Input read convention is determined from the READTYPE annotation in the @RG::DS
tags of the input BAM files.A subreadset *must* be used as input instead of the
individual BAM files.

Options:
  -h, --help            show this help message and exit
  --version             show program's version number and exit

  Mandatory parameters:
    -o STRING           Prefix of output filenames
    -s STRING, --subreadset=STRING
                        Input subreadset.xml

  Optional parameters:
    -j INT, --nProcs=INT
                        Number of threads for parallel ZMW processing
    -b INT              Number of threads for parallel BAM compression, can only
                        be set when not generating pbindex inline with --inlinePbi
    --inlinePbi         Generate pbindex inline with BAM writing
    --silent            No progress output.

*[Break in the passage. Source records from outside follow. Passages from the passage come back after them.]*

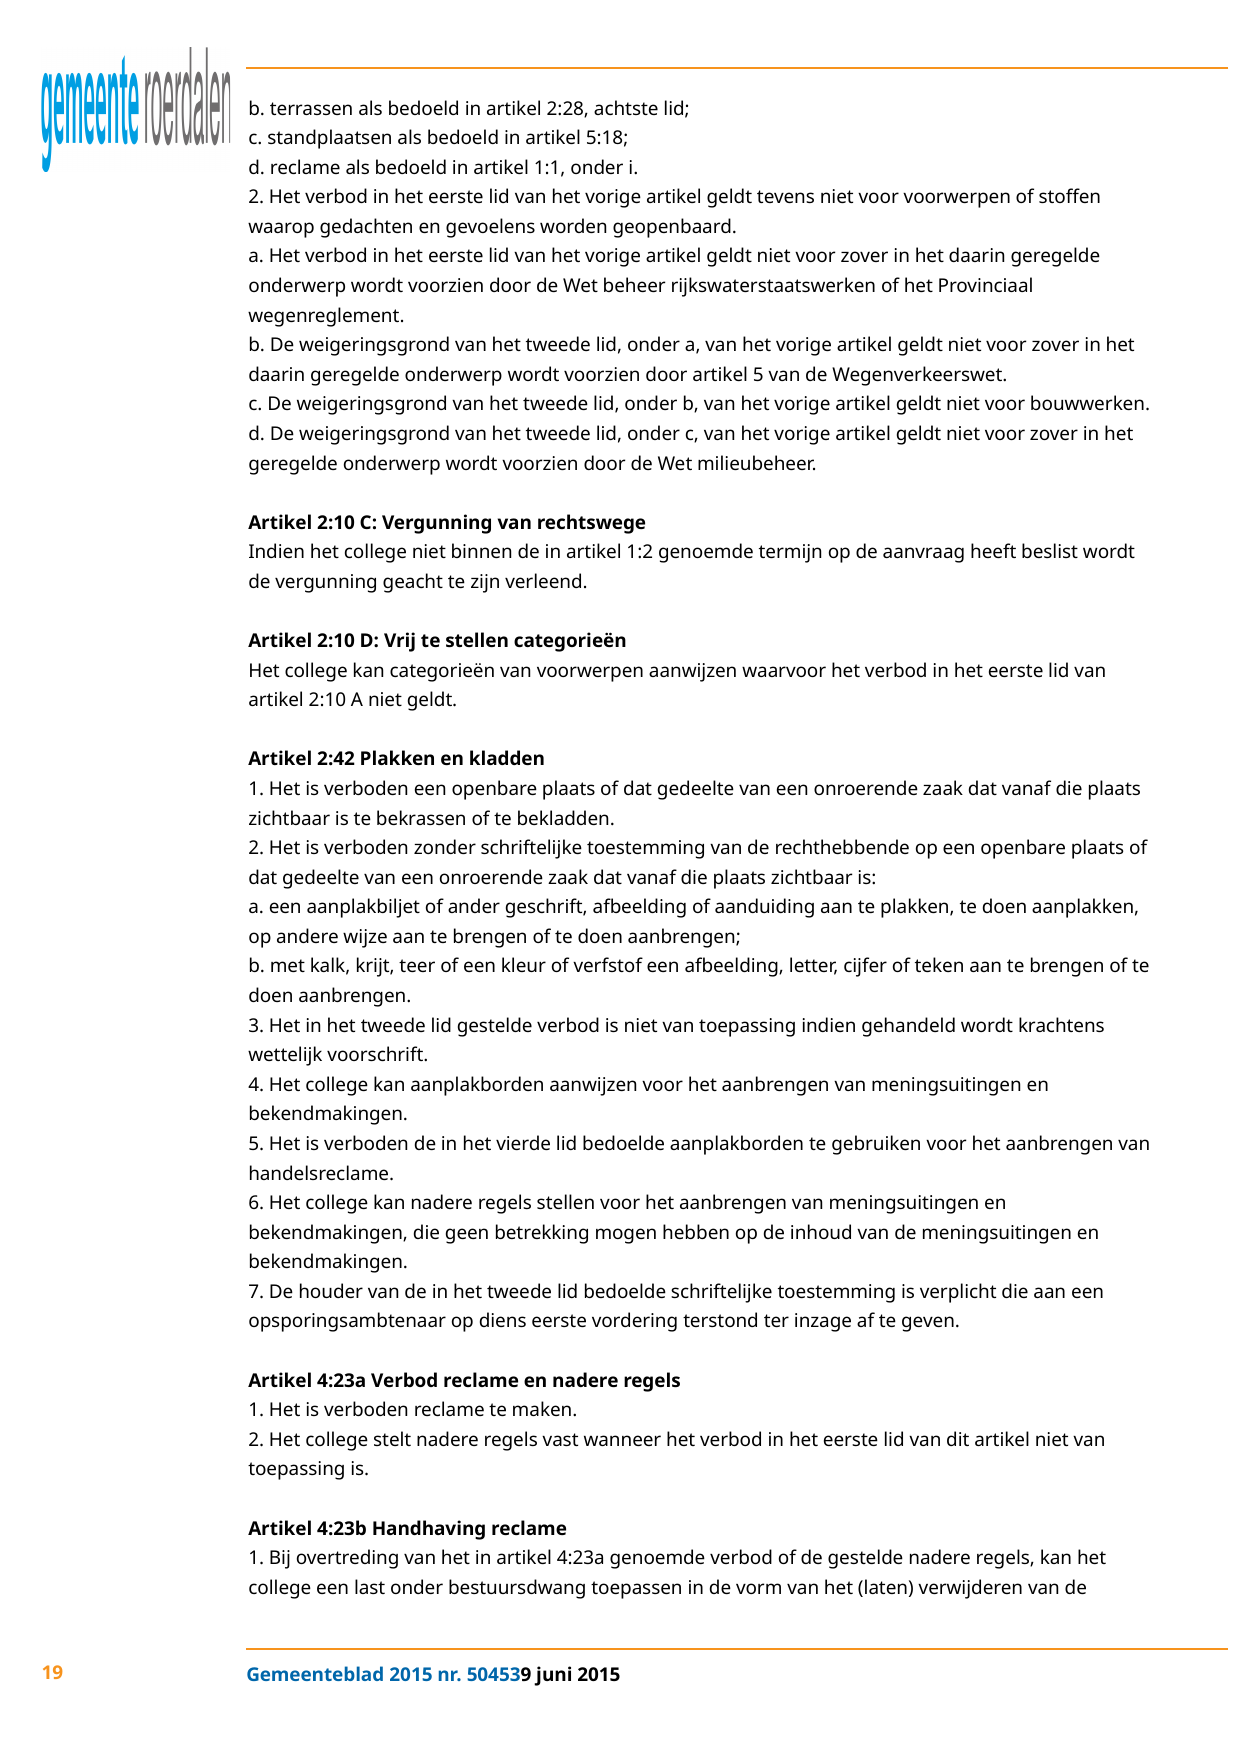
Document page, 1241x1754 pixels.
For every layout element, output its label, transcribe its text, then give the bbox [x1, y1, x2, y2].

text 2. Het college stelt nadere regels vast wanneer het verbod in het eerste lid van dit artikel niet van toepassing is. [248, 1426, 1152, 1481]
text c. De weigeringsgrond van het tweede lid, onder b, van het vorige artikel geldt niet voor bouwwerken. [248, 391, 1152, 416]
text 2. Het is verboden zonder schriftelijke toestemming van de rechthebbende op een openbare plaats of dat gedeelte van een onroerende zaak dat vanaf die plaats zichtbaar is: [248, 834, 1152, 890]
text Het college kan categorieën van voorwerpen aanwijzen waarvoor het verbod in het eerste lid van artikel 2:10 A niet geldt. [248, 657, 1152, 712]
text Artikel 2:10 D: Vrij te stellen categorieën [248, 627, 1152, 653]
text 4. Het college kan aanplakborden aanwijzen voor het aanbrengen van meningsuitingen en bekendmakingen. [248, 1071, 1152, 1126]
text d. reclame als bedoeld in artikel 1:1, onder i. [248, 154, 1152, 180]
text a. een aanplakbiljet of ander geschrift, afbeelding of aanduiding aan te plakken, te doen aanplakken, op andere wijze aan te brengen of te doen aanbrengen; [248, 893, 1152, 949]
text 1. Bij overtreding van het in artikel 4:23a genoemde verbod of de gestelde nadere regels, kan het college een last onder bestuursdwang toepassen in de vorm van het (laten) verwijderen van de [248, 1544, 1152, 1600]
text a. Het verbod in het eerste lid van het vorige artikel geldt niet voor zover in het daarin geregelde onderwerp wordt voorzien door de Wet beheer rijkswaterstaatswerken of het Provinciaal wegenreglement. [248, 243, 1152, 328]
picture [41, 47, 231, 172]
text 1. Het is verboden een openbare plaats of dat gedeelte van een onroerende zaak dat vanaf die plaats zichtbaar is te bekrassen of te bekladden. [248, 775, 1152, 831]
text 6. Het college kan nadere regels stellen voor het aanbrengen van meningsuitingen en bekendmakingen, die geen betrekking mogen hebben op de inhoud van de meningsuitingen en bekendmakingen. [248, 1189, 1152, 1274]
text 3. Het in het tweede lid gestelde verbod is niet van toepassing indien gehandeld wordt krachtens wettelijk voorschrift. [248, 1012, 1152, 1067]
picture [41, 134, 48, 172]
text 7. De houder van de in het tweede lid bedoelde schriftelijke toestemming is verplicht die aan een opsporingsambtenaar op diens eerste vordering terstond ter inzage af te geven. [248, 1278, 1152, 1333]
text Artikel 4:23a Verbod reclame en nadere regels [248, 1367, 1152, 1393]
text Artikel 2:42 Plakken en kladden [248, 746, 1152, 771]
text b. terrassen als bedoeld in artikel 2:28, achtste lid; [248, 95, 1152, 121]
text 1. Het is verboden reclame te maken. [248, 1396, 1152, 1422]
text d. De weigeringsgrond van het tweede lid, onder c, van het vorige artikel geldt niet voor zover in het geregelde onderwerp wordt voorzien door de Wet milieubeheer. [248, 420, 1152, 476]
text Indien het college niet binnen de in artikel 1:2 genoemde termijn op de aanvraag heeft beslist wordt de vergunning geacht te zijn verleend. [248, 538, 1152, 594]
text c. standplaatsen als bedoeld in artikel 5:18; [248, 124, 1152, 150]
text b. met kalk, krijt, teer of een kleur of verfstof een afbeelding, letter, cijfer of teken aan te brengen of te doen aanbrengen. [248, 953, 1152, 1008]
text b. De weigeringsgrond van het tweede lid, onder a, van het vorige artikel geldt niet voor zover in het daarin geregelde onderwerp wordt voorzien door artikel 5 van de Wegenverkeerswet. [248, 331, 1152, 387]
text 2. Het verbod in het eerste lid van het vorige artikel geldt tevens niet voor voorwerpen of stoffen waarop gedachten en gevoelens worden geopenbaard. [248, 183, 1152, 239]
text Artikel 4:23b Handhaving reclame [248, 1515, 1152, 1541]
text 5. Het is verboden de in het vierde lid bedoelde aanplakborden te gebruiken voor het aanbrengen van handelsreclame. [248, 1130, 1152, 1186]
text Artikel 2:10 C: Vergunning van rechtswege [248, 509, 1152, 535]

  Adapter finding parameters:
    --disableAdapterFinding
    --adapters=adapterSequences.fasta
    --globalAlnFlanking
    --flankLength=INT
    --minSoftAccuracy=FLOAT
    --minHardAccuracy=FLOAT
    --minFlankingScore=FLOAT
    --disableAdapterCorrection
    --adpqc

  Fine tuning:
    --minAdapterScore=int
                        Minimal score for an adapter
    --minSubLength=INT  Minimal subread length. Default: 50
    --minSnr=FLOAT      Minimal SNR across channels. Default: 3.75

  White list:
    --whitelistZmwNum=RANGES
                        Only process given ZMW NUMBERs

Example: recalladapters -s in.subreadset.xml -o out --adapters adapters.fasta

Examples

Provide the subreadset.xml as input, together with an output projectName and the FASTA file containing the new adapter(s):

recalladapters -o projectName --adapters newAdapters.fasta -s input.subreadset.xml

Adapter finding can put more emphasis on flank size if the adapter sequence is very similar to a sequence found in the rest of the sample:

$ recalladapters --flankLength=500 --minFlankingScore=200 --adapter adapters.fasta -o movieName.newAdapters -s input.subreadset.xml

Full Changelog

  • 9.0.0.da2e8977c:
    • New CLI UX
    • Add --minSnr
  • 7.1.0.425709f:
    • Initial release

DISCLAIMER

THIS WEBSITE AND CONTENT AND ALL SITE-RELATED SERVICES, INCLUDING ANY DATA, ARE PROVIDED "AS IS," WITH ALL FAULTS, WITH NO REPRESENTATIONS OR WARRANTIES OF ANY KIND, EITHER EXPRESS OR IMPLIED, INCLUDING, BUT NOT LIMITED TO, ANY WARRANTIES OF MERCHANTABILITY, SATISFACTORY QUALITY, NON-INFRINGEMENT OR FITNESS FOR A PARTICULAR PURPOSE. YOU ASSUME TOTAL RESPONSIBILITY AND RISK FOR YOUR USE OF THIS SITE, ALL SITE-RELATED SERVICES, AND ANY THIRD PARTY WEBSITES OR APPLICATIONS. NO ORAL OR WRITTEN INFORMATION OR ADVICE SHALL CREATE A WARRANTY OF ANY KIND. ANY REFERENCES TO SPECIFIC PRODUCTS OR SERVICES ON THE WEBSITES DO NOT CONSTITUTE OR IMPLY A RECOMMENDATION OR ENDORSEMENT BY PACIFIC BIOSCIENCES.